Mr. Trout is, by dint of being the unequivocal best player in baseball over his career to date, always interesting. When he's great, there's lots to write about, and when he's anything less than great, it's interesting to delve into why he's departing from his normal dominance. In August, Mike Trout was less than great. Amusingly, he was almost precisely average offensively, with a .215/.352/.337 triple slash that corresponded to a 101 wRC+, but given that he owns a career wRC+ of 166, it qualifies as underperformance.
That led to a bunch of articles. Here's the always great Jeff Sullivan at FanGraphs, talking about a wrist injury and lack of balls pulled with authority in the month. If you're looking for something a little more traditional, here's an LA Times calling the month "startling" and "cold", and here's another newspaper story describing it as "dismal" and "meager". There were a few things at play here -- Trout's downturn in production coincided almost perfectly with the start of August, making this slump stick out on his stat page where previous slumps have hidden themselves in the calendar -- but it was clear that Trout was struggling.

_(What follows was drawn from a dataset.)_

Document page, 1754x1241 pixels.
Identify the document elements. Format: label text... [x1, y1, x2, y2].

Amusingly, Jeff's article was published precisely on September 1st. That night, Trout went 1-for-3 with a single and two walks in a win over the A's, starting a resurgent month. From that game through Monday, he's hit at a .258/.385/.613 clip, good for a 167 wRC+, almost precisely equal to his career average.
As Jeff identified, Trout wasn't pulling the ball. Wrist injuries are complicated, and it's not a simple "A therefore B" relationship between them and pull power, but it's a reasonable inference to make (Here's a Hardball Times article that goes into some depth on that topic, if you're interested). Here are three spray charts of Trout's balls in play for March through July, August, and September thus far.

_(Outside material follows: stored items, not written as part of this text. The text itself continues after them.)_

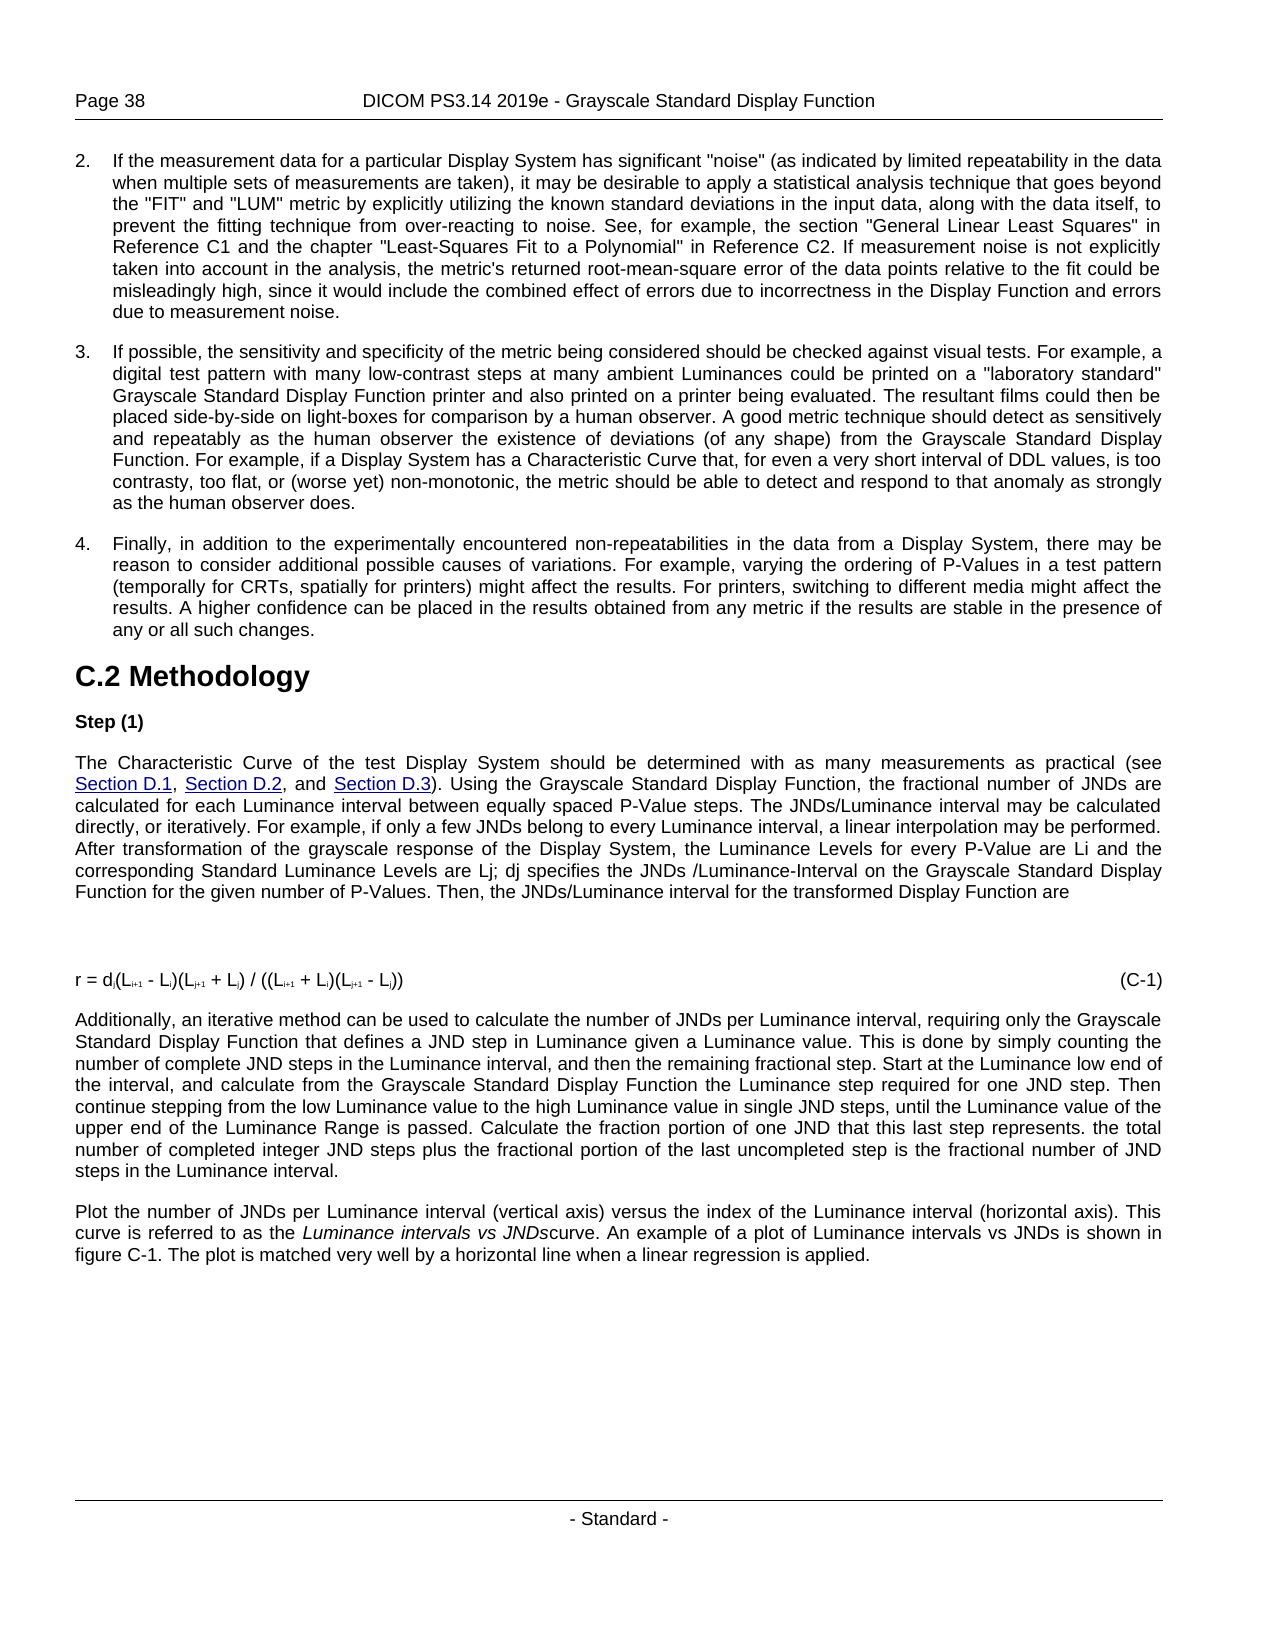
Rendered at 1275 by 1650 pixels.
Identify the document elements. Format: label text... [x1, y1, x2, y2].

text 2. If the measurement data for a particular Display System has significant "noise" (as indicated by limited repeatability in the data when multiple sets of measurements are taken), it may be desirable to apply a statistical analysis technique that goes beyond the "FIT" and "LUM" metric by explicitly utilizing the known standard deviations in the input data, along with the data itself, to prevent the fitting technique from over-reacting to noise. See, for example, the section "General Linear Least Squares" in Reference C1 and the chapter "Least-Squares Fit to a Polynomial" in Reference C2. If measurement noise is not explicitly taken into account in the analysis, the metric's returned root-mean-square error of the data points relative to the fit could be misleadingly high, since it would include the combined effect of errors due to incorrectness in the Display Function and errors due to measurement noise. [75, 150, 1162, 322]
table_header (C-1) [1095, 969, 1162, 990]
text 3. If possible, the sensitivity and specificity of the metric being considered should be checked against visual tests. For example, a digital test pattern with many low-contrast steps at many ambient Luminances could be printed on a "laboratory standard" Grayscale Standard Display Function printer and also printed on a printer being evaluated. The resultant films could then be placed side-by-side on light-boxes for comparison by a human observer. A good metric technique should detect as sensitively and repeatably as the human observer the existence of deviations (of any shape) from the Grayscale Standard Display Function. For example, if a Display System has a Characteristic Curve that, for even a very short interval of DDL values, is too contrasty, too flat, or (worse yet) non-monotonic, the metric should be able to detect and respond to that anomaly as strongly as the human observer does. [75, 341, 1162, 514]
table_header r = dj(Li+1 - Li)(Lj+1 + Lj) / ((Li+1 + Li)(Lj+1 - Lj)) [75, 969, 1094, 990]
text C.2 Methodology [75, 659, 1162, 693]
text Additionally, an iterative method can be used to calculate the number of JNDs per Luminance interval, requiring only the Grayscale Standard Display Function that defines a JND step in Luminance given a Luminance value. This is done by simply counting the number of complete JND steps in the Luminance interval, and then the remaining fractional step. Start at the Luminance low end of the interval, and calculate from the Grayscale Standard Display Function the Luminance step required for one JND step. Then continue stepping from the low Luminance value to the high Luminance value in single JND steps, until the Luminance value of the upper end of the Luminance Range is passed. Calculate the fraction portion of one JND that this last step represents. the total number of completed integer JND steps plus the fractional portion of the last uncompleted step is the fractional number of JND steps in the Luminance interval. [75, 1009, 1162, 1182]
text The Characteristic Curve of the test Display System should be determined with as many measurements as practical (see Section D.1, Section D.2, and Section D.3). Using the Grayscale Standard Display Function, the fractional number of JNDs are calculated for each Luminance interval between equally spaced P-Value steps. The JNDs/Luminance interval may be calculated directly, or iteratively. For example, if only a few JNDs belong to every Luminance interval, a linear interpolation may be performed. After transformation of the grayscale response of the Display System, the Luminance Levels for every P-Value are Li and the corresponding Standard Luminance Levels are Lj; dj specifies the JNDs /Luminance-Interval on the Grayscale Standard Display Function for the given number of P-Values. Then, the JNDs/Luminance interval for the transformed Display Function are [75, 752, 1162, 903]
text Step (1) [75, 711, 1162, 733]
text Plot the number of JNDs per Luminance interval (vertical axis) versus the index of the Luminance interval (horizontal axis). This curve is referred to as the Luminance intervals vs JNDscurve. An example of a plot of Luminance intervals vs JNDs is shown in figure C-1. The plot is matched very well by a horizontal line when a linear regression is applied. [75, 1200, 1162, 1265]
text 4. Finally, in addition to the experimentally encountered non-repeatabilities in the data from a Display System, there may be reason to consider additional possible causes of variations. For example, varying the ordering of P-Values in a test pattern (temporally for CRTs, spatially for printers) might affect the results. For printers, switching to different media might affect the results. A higher confidence can be placed in the results obtained from any metric if the results are stable in the presence of any or all such changes. [75, 532, 1162, 640]

The difference between the first and the second is obvious, but just as obvious is that something has returned in September. With six home runs, four of which were hit to left field and five of which came in the last ten days, it's not difficult to conclude that Trout merely needed some time to recuperate and regain some wrist strength, and once he did his power returned. They haven't been cheap dingers either; they've averaged 402.7 feet of true distance, per ESPN's www.hittrackeronline.com, just below a season average of 408.7.

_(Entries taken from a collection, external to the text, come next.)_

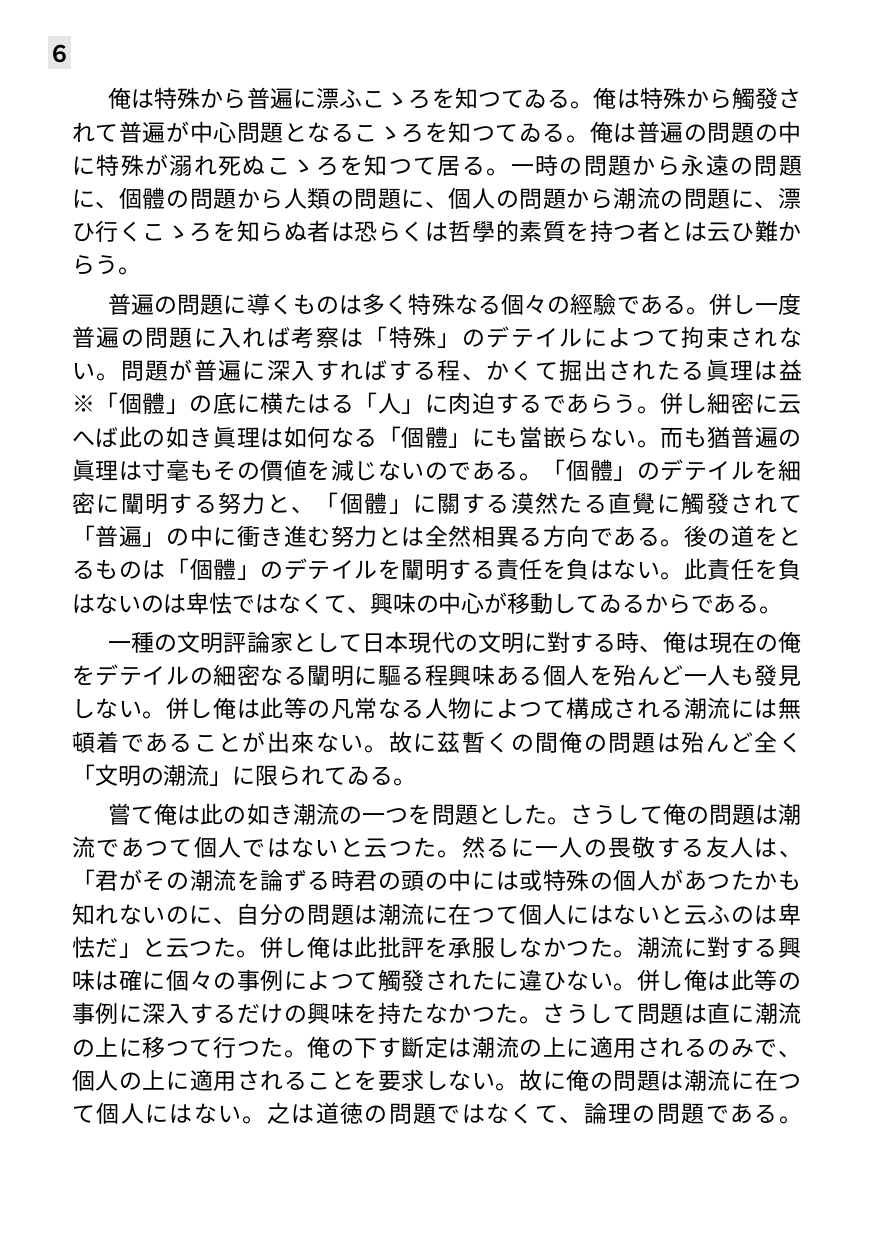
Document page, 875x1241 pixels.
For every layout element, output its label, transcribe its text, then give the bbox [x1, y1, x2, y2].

subtitle ６ [71, 36, 838, 69]
text 俺は特殊から普遍に漂ふこゝろを知つてゐる。俺は特殊から觸發されて普遍が中心問題となるこゝろを知つてゐる。俺は普遍の問題の中に特殊が溺れ死ぬこゝろを知つて居る。一時の問題から永遠の問題に、個體の問題から人類の問題に、個人の問題から潮流の問題に、漂ひ行くこゝろを知らぬ者は恐らくは哲學的素質を持つ者とは云ひ難からう。 [72, 81, 802, 281]
text 普遍の問題に導くものは多く特殊なる個々の經驗である。併し一度普遍の問題に入れば考察は「特殊」のデテイルによつて拘束されない。問題が普遍に深入すればする程、かくて掘出されたる眞理は益※「個體」の底に横たはる「人」に肉迫するであらう。併し細密に云へば此の如き眞理は如何なる「個體」にも當嵌らない。而も猶普遍の眞理は寸毫もその價値を減じないのである。「個體」のデテイルを細密に闡明する努力と、「個體」に關する漠然たる直覺に觸發されて「普遍」の中に衝き進む努力とは全然相異る方向である。後の道をとるものは「個體」のデテイルを闡明する責任を負はない。此責任を負はないのは卑怯ではなくて、興味の中心が移動してゐるからである。 [72, 286, 802, 619]
text 一種の文明評論家として日本現代の文明に對する時、俺は現在の俺をデテイルの細密なる闡明に驅る程興味ある個人を殆んど一人も發見しない。併し俺は此等の凡常なる人物によつて構成される潮流には無頓着であることが出來ない。故に茲暫くの間俺の問題は殆んど全く「文明の潮流」に限られてゐる。 [72, 625, 802, 791]
text 嘗て俺は此の如き潮流の一つを問題とした。さうして俺の問題は潮流であつて個人ではないと云つた。然るに一人の畏敬する友人は、「君がその潮流を論ずる時君の頭の中には或特殊の個人があつたかも知れないのに、自分の問題は潮流に在つて個人にはないと云ふのは卑怯だ」と云つた。併し俺は此批評を承服しなかつた。潮流に對する興味は確に個々の事例によつて觸發されたに違ひない。併し俺は此等の事例に深入するだけの興味を持たなかつた。さうして問題は直に潮流の上に移つて行つた。俺の下す斷定は潮流の上に適用されるのみで、個人の上に適用されることを要求しない。故に俺の問題は潮流に在つて個人にはない。之は道徳の問題ではなくて、論理の問題である。 [72, 797, 802, 1129]

A zone-based breakdown tells a slightly different story. The following are breakdowns of Trout's slugging percentage over the same time frames, from Brooks Baseball.
His production was down everywhere in August, but focus on the inside half of the first two charts in the zone and out. He went from destroying anything over the plate, and getting good contact on the stuff out of the zone, to not much inside the zone and virtually nothing outside it. These rates are based off only a few balls in play for some of the sections, however. A better idea might be to look at how pitchers have approached him. If he has a new weakness due to this supposed injury, it seems very likely pitchers would do their best to exploit it.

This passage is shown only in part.